Summer Business Planning

Summer Business Planning

The summer brings with it a new phase of working for many businesses, albeit with different challenges depending upon whether they operate in a business or consumer led industry.

For many consumer-based businesses, this can be the busiest time of the year as the warmer weather and school holiday period bring greater footfall to retail shops and leisure outlets like cafes, bars and restaurants. Equally, businesses in supporting industries like food & drink manufacturers and distributers will see a seasonal uplift in demand.

Business to business (b2b) organisations are more likely to enter a quiet period as staff take holidays resulting in less resources to gets work done or initiate new projects. This is likely to be matched by their business customers who will be in a similar situation with activity led by the amount of available staff.

HR and Employment Law demands of both types of business will therefore be very different but no less important to implement consistently.

Those businesses led by seasonal consumer demand may for example have a need for extra, temporary staff or seasonal workers. Regardless of the period of employment, all employees must have a contract of employment, or at the very least a statement of terms that outlines their basic conditions of work.

This is also an area where zero-hours contracts are likely to be prevalent. Staffing levels my be determined by how sunny it is on any particular day, but employers still have a duty to apply zero-hours contracts fairly, giving reasonable notice to workers for when they are or are not required.

With schools on holiday many schoolchildren will be looking to earn some extra spending money with their spare time and it’s understandable that businesses will want to take advantage of cheap seasonal labour. Remember that restrictions exist for child workers which prohibit them from working under certain conditions. In addition, during school holidays 13 to 14-year-olds are only allowed to work 5 hours per day (2 hours on a Sunday) up to a maximum of 25 hours a week.  15 to 16-year-olds can only work a maximum of 35 hours a week with a maximum 8 hours per day. (Again, 2 hours on a Sunday).

Right to work checks are not required for under 16-year olds but are compulsory for everyone else prior to them starting work.

On the B2B side, the main challenges are likely to be around staffing levels to cover holiday leave.

Many employees will be tied to the school holiday period, so we need to ensure that a fair process has been applied for allocating holiday dates. This could be on a first-come, first-served basis; just make sure everyone knows about it and no favouritism is shown to any individual.
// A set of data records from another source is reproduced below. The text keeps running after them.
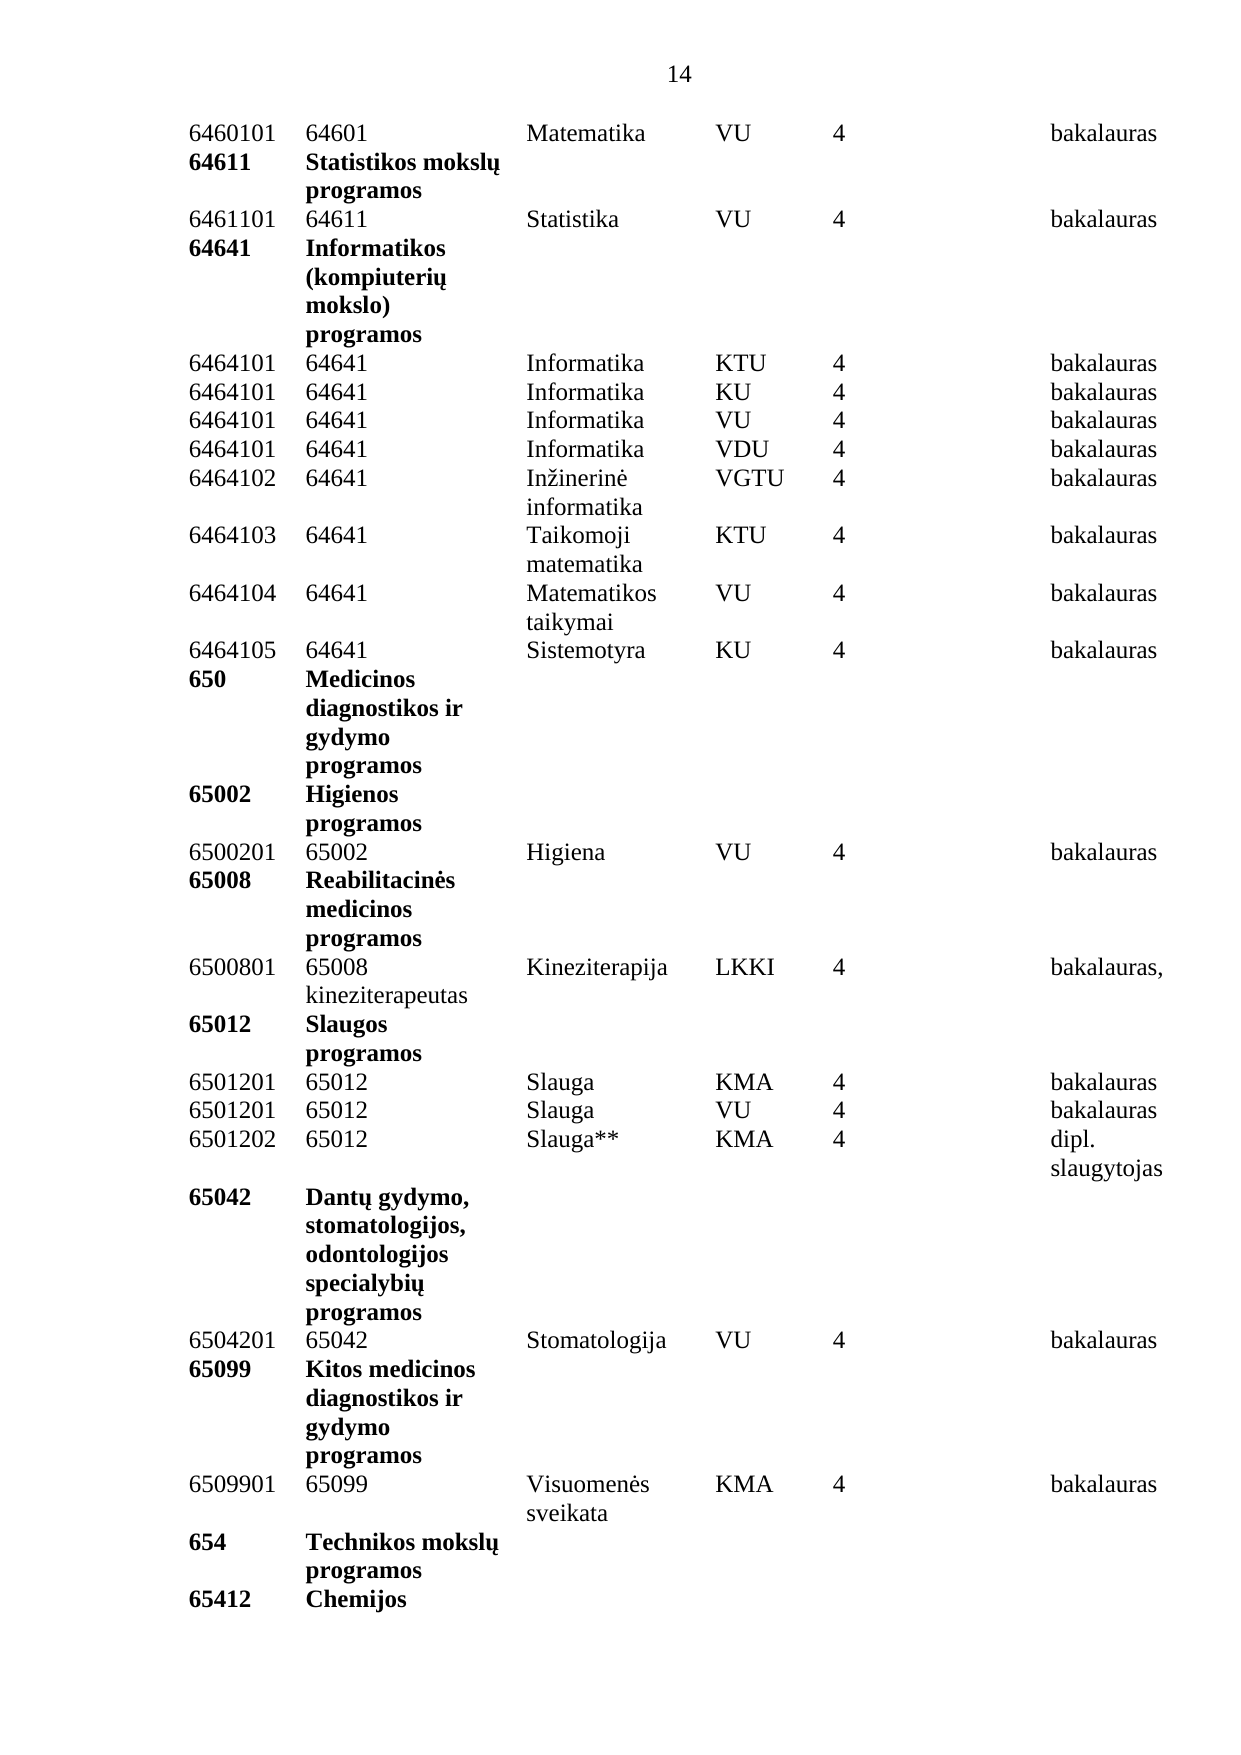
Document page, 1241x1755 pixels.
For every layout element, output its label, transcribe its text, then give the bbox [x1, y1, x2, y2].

table_cell [1197, 981, 1202, 1009]
table_cell [973, 1067, 1039, 1096]
table_cell Slaugos programos [294, 1009, 515, 1067]
table_cell KTU [704, 348, 821, 377]
table_cell [1197, 204, 1202, 233]
table_cell [1197, 406, 1202, 434]
table_cell [515, 779, 704, 837]
table_cell Visuomenės sveikata [515, 1469, 704, 1527]
table_cell VU [704, 837, 821, 866]
table_cell [821, 981, 902, 1009]
table_cell Informatika [515, 348, 704, 377]
table_cell [1202, 578, 1207, 636]
table_cell [1202, 463, 1207, 521]
table_cell [1197, 118, 1202, 147]
table_cell [973, 1009, 1039, 1067]
table_cell Chemijos [294, 1584, 515, 1613]
table_cell [1197, 1182, 1202, 1326]
table_cell [1197, 233, 1202, 348]
table_cell 6501202 [177, 1124, 294, 1182]
table_cell VU [704, 204, 821, 233]
table_cell [973, 1584, 1039, 1613]
table_cell [1039, 1354, 1197, 1469]
table_cell [973, 1469, 1039, 1527]
table_cell [821, 1182, 902, 1326]
table_cell [902, 348, 973, 377]
table_cell [515, 233, 704, 348]
table_cell 4 [821, 118, 902, 147]
table_cell [515, 1354, 704, 1469]
table_cell [704, 1182, 821, 1326]
table_cell [1039, 981, 1197, 1009]
table_cell [1197, 348, 1202, 377]
table_cell [1202, 1354, 1207, 1469]
table_cell 6464105 [177, 636, 294, 664]
table_cell 6464101 [177, 377, 294, 406]
table_cell 65012 [294, 1067, 515, 1096]
table_cell Technikos mokslų programos [294, 1527, 515, 1584]
table_cell 64641 [294, 348, 515, 377]
table_cell LKKI [704, 952, 821, 981]
table_cell [704, 981, 821, 1009]
table_cell [973, 204, 1039, 233]
table_cell 654 [177, 1527, 294, 1584]
table_cell [973, 866, 1039, 952]
table_cell 64641 [294, 636, 515, 664]
table_cell [902, 1326, 973, 1354]
table_cell [1197, 521, 1202, 578]
table_cell KU [704, 377, 821, 406]
table_cell Stomatologija [515, 1326, 704, 1354]
table_cell [821, 147, 902, 204]
table_cell [704, 779, 821, 837]
table_cell 4 [821, 952, 902, 981]
table_cell [1202, 664, 1207, 779]
table_cell bakalauras [1039, 406, 1197, 434]
table_cell [973, 1326, 1039, 1354]
table_cell KMA [704, 1469, 821, 1527]
table_cell Matematikos taikymai [515, 578, 704, 636]
table_cell [973, 521, 1039, 578]
table_cell [973, 147, 1039, 204]
table_cell [704, 1009, 821, 1067]
table_cell Statistika [515, 204, 704, 233]
table_cell [1197, 664, 1202, 779]
table_cell 4 [821, 1326, 902, 1354]
table_cell 4 [821, 377, 902, 406]
table_cell [821, 1527, 902, 1584]
table_cell [973, 578, 1039, 636]
table_cell 65412 [177, 1584, 294, 1613]
table_cell [1197, 1354, 1202, 1469]
table_cell 6504201 [177, 1326, 294, 1354]
table_cell [1197, 952, 1202, 981]
table_cell [973, 434, 1039, 463]
table_cell 4 [821, 1469, 902, 1527]
table_cell 65002 [294, 837, 515, 866]
table_cell 65042 [294, 1326, 515, 1354]
table_cell VU [704, 578, 821, 636]
table_cell 65002 [177, 779, 294, 837]
table_cell bakalauras, [1039, 952, 1197, 981]
table_cell [1202, 1584, 1207, 1613]
table_cell 6509901 [177, 1469, 294, 1527]
table_cell [902, 1354, 973, 1469]
table_cell [821, 866, 902, 952]
table_cell [973, 837, 1039, 866]
table_cell 6500201 [177, 837, 294, 866]
table_cell 4 [821, 636, 902, 664]
table_cell bakalauras [1039, 578, 1197, 636]
table_cell 6461101 [177, 204, 294, 233]
table_cell Taikomoji matematika [515, 521, 704, 578]
table_cell [973, 1354, 1039, 1469]
table_cell [1197, 434, 1202, 463]
table_cell 6464103 [177, 521, 294, 578]
table_cell [902, 952, 973, 981]
table_cell VU [704, 118, 821, 147]
table_cell [1197, 779, 1202, 837]
table_cell [902, 1096, 973, 1124]
table_cell dipl. slaugytojas [1039, 1124, 1197, 1182]
table_cell [1197, 578, 1202, 636]
table_cell [902, 118, 973, 147]
table_cell [1202, 348, 1207, 377]
table_cell bakalauras [1039, 377, 1197, 406]
table_cell 6464101 [177, 348, 294, 377]
table_cell [973, 981, 1039, 1009]
table_cell [902, 837, 973, 866]
table_cell [1039, 779, 1197, 837]
table_cell 4 [821, 434, 902, 463]
table_cell [902, 578, 973, 636]
table_cell [704, 866, 821, 952]
table_cell [704, 1527, 821, 1584]
table_cell KU [704, 636, 821, 664]
table_cell 650 [177, 664, 294, 779]
table_cell [1197, 1584, 1202, 1613]
table_cell 4 [821, 463, 902, 521]
table_cell [1202, 118, 1207, 147]
table_cell Inžinerinė informatika [515, 463, 704, 521]
table_cell VU [704, 406, 821, 434]
table_cell 4 [821, 1124, 902, 1182]
table_cell [704, 147, 821, 204]
table_cell [1197, 1009, 1202, 1067]
table_cell [973, 233, 1039, 348]
table_cell KMA [704, 1124, 821, 1182]
table_cell 4 [821, 578, 902, 636]
table_cell bakalauras [1039, 521, 1197, 578]
table_cell [1197, 636, 1202, 664]
table_cell [1039, 866, 1197, 952]
table_cell [973, 1527, 1039, 1584]
table_cell Kitos medicinos diagnostikos ir gydymo programos [294, 1354, 515, 1469]
table_cell bakalauras [1039, 204, 1197, 233]
table_cell 64611 [294, 204, 515, 233]
table_cell Slauga [515, 1096, 704, 1124]
table_cell [902, 521, 973, 578]
table_cell [1202, 981, 1207, 1009]
table_cell [902, 1124, 973, 1182]
table_cell [704, 1584, 821, 1613]
table_cell [1202, 434, 1207, 463]
table_cell Kineziterapija [515, 952, 704, 981]
table_cell [704, 664, 821, 779]
table_cell Medicinos diagnostikos ir gydymo programos [294, 664, 515, 779]
table_cell [515, 1182, 704, 1326]
table_cell bakalauras [1039, 636, 1197, 664]
table_cell 64641 [177, 233, 294, 348]
table_cell [1039, 1182, 1197, 1326]
table_cell bakalauras [1039, 837, 1197, 866]
table_cell 64611 [177, 147, 294, 204]
table_cell [821, 779, 902, 837]
table_cell [902, 1182, 973, 1326]
table_cell [821, 664, 902, 779]
table_cell [1202, 521, 1207, 578]
table_cell 4 [821, 348, 902, 377]
table_cell [704, 1354, 821, 1469]
table_cell 65008 [177, 866, 294, 952]
table_cell [1197, 837, 1202, 866]
table_cell [1197, 147, 1202, 204]
table_cell bakalauras [1039, 463, 1197, 521]
table_cell [1202, 147, 1207, 204]
table_cell [1202, 233, 1207, 348]
table_cell [1039, 1009, 1197, 1067]
table_cell [1039, 664, 1197, 779]
table_cell [902, 1584, 973, 1613]
table_cell [821, 1354, 902, 1469]
table_cell [902, 636, 973, 664]
table_cell [902, 434, 973, 463]
table_cell [1197, 1124, 1202, 1182]
table_cell [902, 866, 973, 952]
table_cell [821, 1584, 902, 1613]
table_cell Informatika [515, 434, 704, 463]
table_cell 65042 [177, 1182, 294, 1326]
table_cell [1202, 636, 1207, 664]
table_cell 64641 [294, 463, 515, 521]
table_cell [515, 1584, 704, 1613]
table_cell [1197, 1096, 1202, 1124]
table_cell [1039, 233, 1197, 348]
table_cell [902, 1527, 973, 1584]
table_cell [515, 981, 704, 1009]
table_cell 4 [821, 204, 902, 233]
table_cell Informatikos (kompiuterių mokslo) programos [294, 233, 515, 348]
table_cell [1197, 1469, 1202, 1527]
table_cell [973, 1124, 1039, 1182]
table_cell VDU [704, 434, 821, 463]
table_cell 6460101 [177, 118, 294, 147]
table_cell [973, 952, 1039, 981]
table_cell 65012 [294, 1124, 515, 1182]
table_cell 6501201 [177, 1096, 294, 1124]
table_cell [902, 1469, 973, 1527]
table_cell 4 [821, 406, 902, 434]
table_cell [1202, 837, 1207, 866]
table_cell Reabilitacinės medicinos programos [294, 866, 515, 952]
table_cell [973, 348, 1039, 377]
table_cell kineziterapeutas [294, 981, 515, 1009]
table_cell [973, 636, 1039, 664]
table_cell [902, 463, 973, 521]
table_cell VU [704, 1326, 821, 1354]
table_cell [1039, 1584, 1197, 1613]
table_cell [1202, 1124, 1207, 1182]
table_cell [1202, 204, 1207, 233]
table_cell [1202, 377, 1207, 406]
table_cell bakalauras [1039, 1326, 1197, 1354]
table_cell [1202, 866, 1207, 952]
table_cell Higiena [515, 837, 704, 866]
table_cell Slauga** [515, 1124, 704, 1182]
table_cell 6500801 [177, 952, 294, 981]
table_cell 6464102 [177, 463, 294, 521]
table_cell [902, 664, 973, 779]
table_cell [1197, 1527, 1202, 1584]
table_cell [902, 779, 973, 837]
table_cell [515, 1009, 704, 1067]
table_cell [902, 147, 973, 204]
table_cell [704, 233, 821, 348]
table_cell [1202, 1009, 1207, 1067]
table_cell 64641 [294, 406, 515, 434]
table_cell 4 [821, 521, 902, 578]
table_cell 65099 [177, 1354, 294, 1469]
table_cell 4 [821, 1096, 902, 1124]
table_cell [1039, 1527, 1197, 1584]
table_cell 65099 [294, 1469, 515, 1527]
table_cell 64641 [294, 434, 515, 463]
table_cell [902, 1067, 973, 1096]
table_cell bakalauras [1039, 1067, 1197, 1096]
table_cell [902, 204, 973, 233]
table_cell [1197, 866, 1202, 952]
table_cell Informatika [515, 406, 704, 434]
table_cell 4 [821, 837, 902, 866]
table_cell [1039, 147, 1197, 204]
table_cell [973, 1182, 1039, 1326]
table_cell [902, 406, 973, 434]
table_cell 64641 [294, 578, 515, 636]
table_cell [515, 1527, 704, 1584]
table_cell 65008 [294, 952, 515, 981]
table_cell [821, 1009, 902, 1067]
table_cell 65012 [177, 1009, 294, 1067]
table_cell [973, 118, 1039, 147]
table_cell 64641 [294, 377, 515, 406]
table_cell 6464101 [177, 434, 294, 463]
table_cell [1197, 1067, 1202, 1096]
table_cell bakalauras [1039, 1469, 1197, 1527]
table_cell [973, 377, 1039, 406]
table_cell Higienos programos [294, 779, 515, 837]
table_cell 65012 [294, 1096, 515, 1124]
table_cell [515, 866, 704, 952]
table_cell KTU [704, 521, 821, 578]
table_cell [1202, 1469, 1207, 1527]
table_cell 6464101 [177, 406, 294, 434]
table_cell [973, 1096, 1039, 1124]
table_cell KMA [704, 1067, 821, 1096]
table_cell [973, 664, 1039, 779]
table_cell Sistemotyra [515, 636, 704, 664]
table_cell [1202, 1182, 1207, 1326]
table_cell [902, 1009, 973, 1067]
table_cell 64601 [294, 118, 515, 147]
table_cell [515, 147, 704, 204]
table_cell [1202, 952, 1207, 981]
table_cell [902, 981, 973, 1009]
table_cell Matematika [515, 118, 704, 147]
table_cell Statistikos mokslų programos [294, 147, 515, 204]
table_cell bakalauras [1039, 348, 1197, 377]
table_cell 4 [821, 1067, 902, 1096]
table_cell Informatika [515, 377, 704, 406]
table_cell [1202, 1067, 1207, 1096]
table_cell [515, 664, 704, 779]
table_cell bakalauras [1039, 434, 1197, 463]
table_cell 6501201 [177, 1067, 294, 1096]
table_cell [821, 233, 902, 348]
table_cell [902, 377, 973, 406]
table_cell [973, 463, 1039, 521]
table_cell VGTU [704, 463, 821, 521]
table_cell 64641 [294, 521, 515, 578]
table_cell [973, 406, 1039, 434]
table_cell [177, 981, 294, 1009]
table_cell [1202, 1527, 1207, 1584]
table_cell bakalauras [1039, 118, 1197, 147]
table_cell [1202, 406, 1207, 434]
table_cell Slauga [515, 1067, 704, 1096]
table_cell [1202, 1326, 1207, 1354]
table_cell [902, 233, 973, 348]
table_cell [1197, 463, 1202, 521]
table_cell [1202, 779, 1207, 837]
table_cell Dantų gydymo, stomatologijos, odontologijos specialybių programos [294, 1182, 515, 1326]
table_cell 6464104 [177, 578, 294, 636]
table_cell VU [704, 1096, 821, 1124]
table_cell [1197, 1326, 1202, 1354]
table_cell bakalauras [1039, 1096, 1197, 1124]
table_cell [973, 779, 1039, 837]
table_cell [1197, 377, 1202, 406]
table_cell [1202, 1096, 1207, 1124]
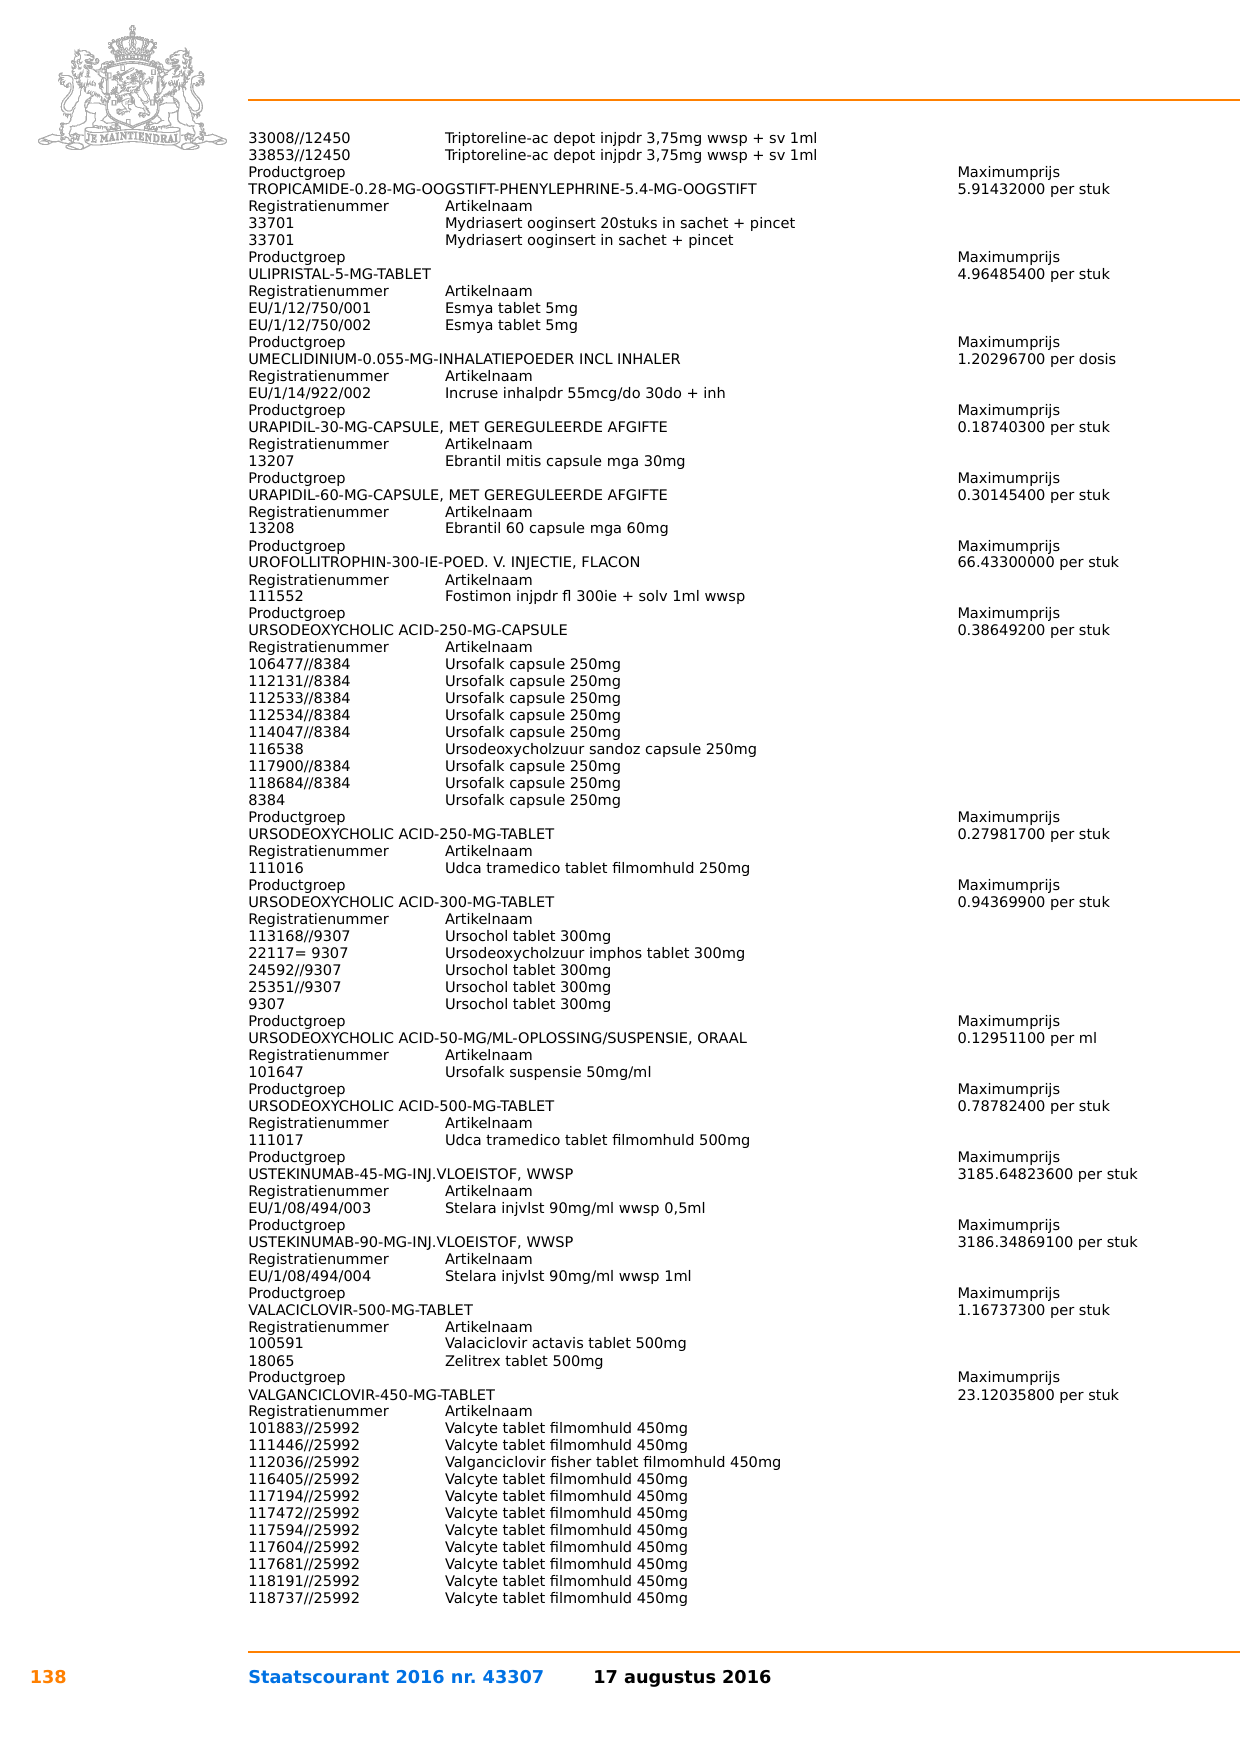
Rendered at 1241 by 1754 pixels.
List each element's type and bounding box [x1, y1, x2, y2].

picture [38, 25, 227, 150]

When calculating adequate cover in the workplace, also consider any potential for lone workers that may arise and the implications this can have.

We rarely come across the “factory fortnight shutdown” these days but remember that employers are entitled to stipulate when their employees take their leave, provided they give the required notice. Under the Working Time Directive, you are duty bound to ensure all staff take their allocated leave.

The quieter summer period is also a good time to schedule and plan for staff training. As we find at HR Champions, most businesses don’t have the available resources to release staff for training during the summer. It’s a good idea though to plan everything in advance so that you keep your team’s development on track when you’re back to full strength in September.

Finally, employers must remember their duty of care to their employees, particularly in hot weather. Ensuring that staff have a comfortable working environment will help to maintain productivity, however this doesn’t mean that safety can be compromised so rules around the wearing of safety equipment for example still need to be enforced.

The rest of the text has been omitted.